◆ Task prompt
Select every line below containing the word "symmetric".

◆ Data records
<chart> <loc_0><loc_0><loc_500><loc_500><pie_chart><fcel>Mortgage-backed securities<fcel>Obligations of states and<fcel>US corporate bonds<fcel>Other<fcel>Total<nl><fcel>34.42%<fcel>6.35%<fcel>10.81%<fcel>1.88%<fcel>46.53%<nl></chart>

--

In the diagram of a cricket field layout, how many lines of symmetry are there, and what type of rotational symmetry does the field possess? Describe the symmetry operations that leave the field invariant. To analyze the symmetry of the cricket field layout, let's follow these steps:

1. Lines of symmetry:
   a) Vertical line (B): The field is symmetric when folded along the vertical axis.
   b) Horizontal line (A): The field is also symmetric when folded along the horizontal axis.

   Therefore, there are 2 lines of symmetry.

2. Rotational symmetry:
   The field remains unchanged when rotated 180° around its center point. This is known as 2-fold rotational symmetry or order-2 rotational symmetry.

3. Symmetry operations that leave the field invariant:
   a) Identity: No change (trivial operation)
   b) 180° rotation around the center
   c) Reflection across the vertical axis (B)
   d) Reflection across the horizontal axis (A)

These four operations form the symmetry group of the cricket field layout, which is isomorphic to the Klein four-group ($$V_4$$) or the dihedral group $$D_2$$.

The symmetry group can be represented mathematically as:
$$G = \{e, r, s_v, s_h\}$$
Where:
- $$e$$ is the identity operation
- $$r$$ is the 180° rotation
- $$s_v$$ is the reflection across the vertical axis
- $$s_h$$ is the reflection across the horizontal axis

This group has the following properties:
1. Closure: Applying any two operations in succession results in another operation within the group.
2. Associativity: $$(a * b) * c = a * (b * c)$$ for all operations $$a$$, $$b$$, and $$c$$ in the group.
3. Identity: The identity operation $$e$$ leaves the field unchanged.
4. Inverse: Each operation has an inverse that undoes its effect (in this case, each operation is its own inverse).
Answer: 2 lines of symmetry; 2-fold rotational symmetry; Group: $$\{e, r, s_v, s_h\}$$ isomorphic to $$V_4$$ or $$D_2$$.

◆ Answer for the task
   a) Vertical line (B): The field is symmetric when folded along the vertical axis.
   b) Horizontal line (A): The field is also symmetric when folded along the horizontal axis.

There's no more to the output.